Two stories here…..
The night dress
This is another use of my Butterick night wear pattern, so it’s getting to be good value for money now!
It’s pretty much the same as the ‘Executive Nightdress’, as I chose to call it, except the fabric is quite different and I lengthened and evened out the front hem a bit, and shortened the sleeves. The fabric had been sitting in my cupboard since January 2nd. I know this, because I dragged my friends in Liverpool into Abakhan, as soon as it opened in the new year. I bought two lots of fabric, and I intended to make two tunics to take abroad. But I only made one.
Once I had got this fabric home and washed it, I realised that it is that awful crinkly fabric, where you can’t find a grain (but it probably doesn’t matter), but worse than that, it expands from tight fitting to very loose fitting, at will.
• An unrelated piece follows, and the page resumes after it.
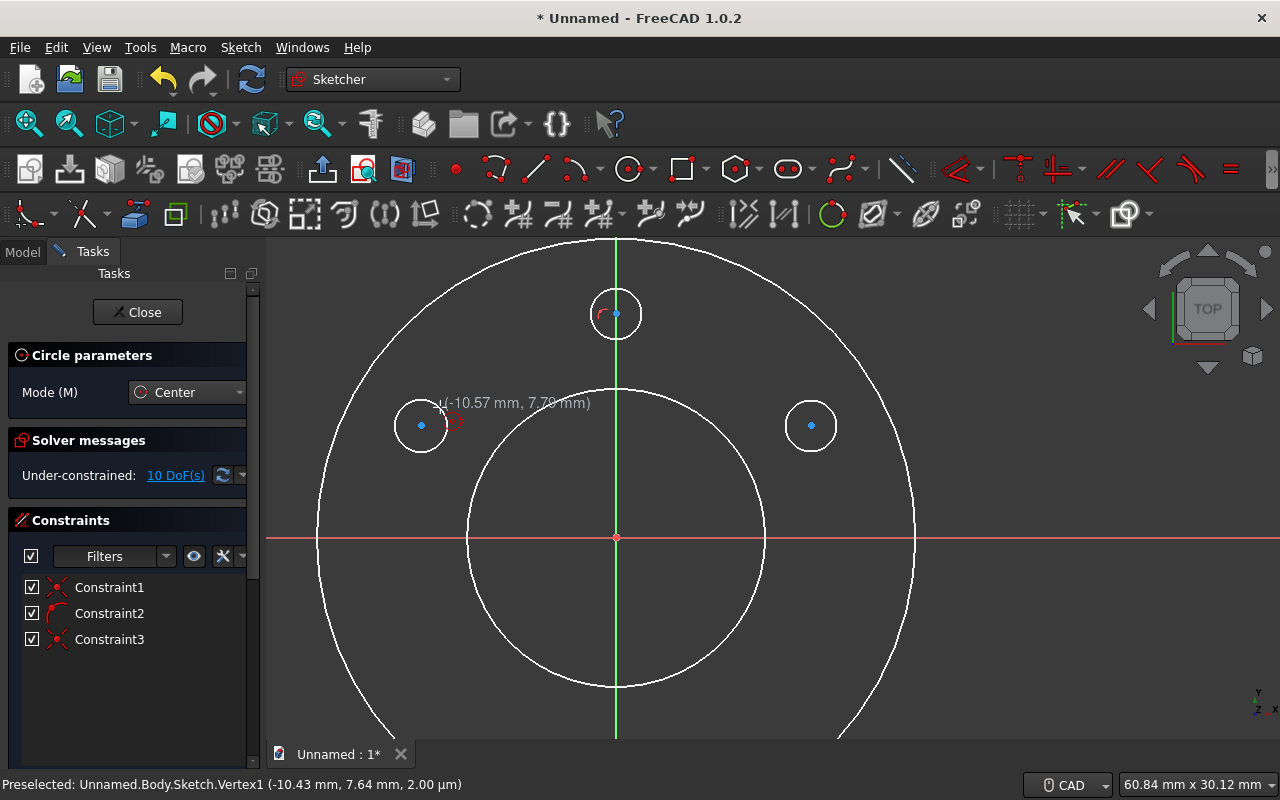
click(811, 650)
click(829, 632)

I had a top made from it, which went to the charity shop ages ago.
So the fabric sat in the cupboard waiting for a suitable idea to emerge. And after I had completed the jersey version of the night dress, an idea did emerge. It wouldn’t really matter if the fabric was in tight fitting, or loose fitting mode, if I was sleeping in it!
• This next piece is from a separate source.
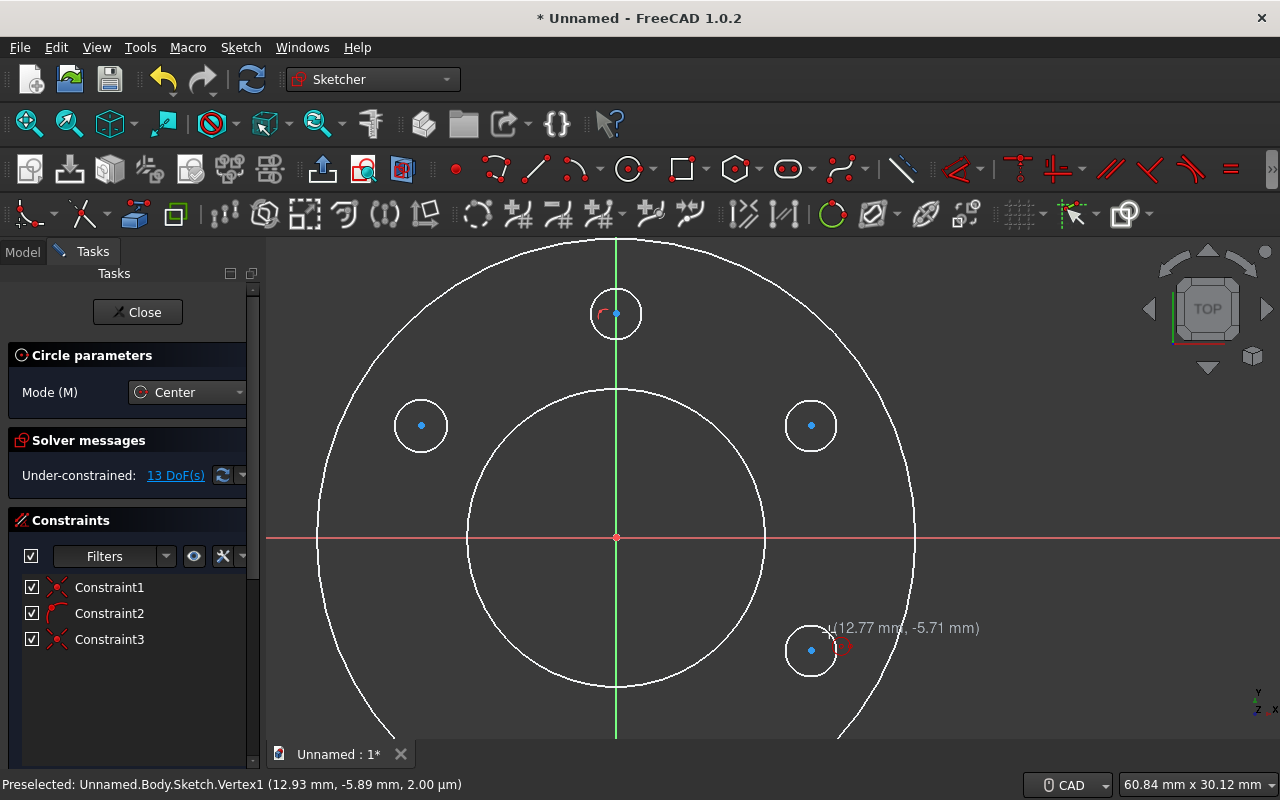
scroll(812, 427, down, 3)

Making up techniques were very similar to the last one, even as far as using the same lace at the front. Again I deliberately stitched a label through all facing layers at the back, and have added a flower motive to the front to help keep the front facing in place.
And it’s been too cold to wear it since it was finished, so I haven’t yet experienced it’s changing moods. Being crinkly, it ought to travel ok, which is one place where the next idea started….
The dressing gown
Actually, we need to go back to last October, and SewBrum, when I won some sequinned fabric in the raffle. It has been sitting in the cupboard alongside the crinkly stuff, although I have always had an idea, but not the pattern or the patience.
I’ve never sewn with sequins before, and knowing that you have to remove them along cutting out and seam lines, I decided that a simple pattern was essential, and that probably meant a light weight summer kimono. So eventually I grabbed the bull by the horns and decided on a kimono pattern (having rejected several during the course of the last few months).
Quite straightforward, I thought, and found by simply searching for a ‘kimono pattern’ online, despite much searching of SewDirect, when it didn’t show up.
But then I decided that whilst I was travelling with my new summer nightdress, I could do with a new summer dressing gown, and why not try out the kimono pattern as a dressing gown first?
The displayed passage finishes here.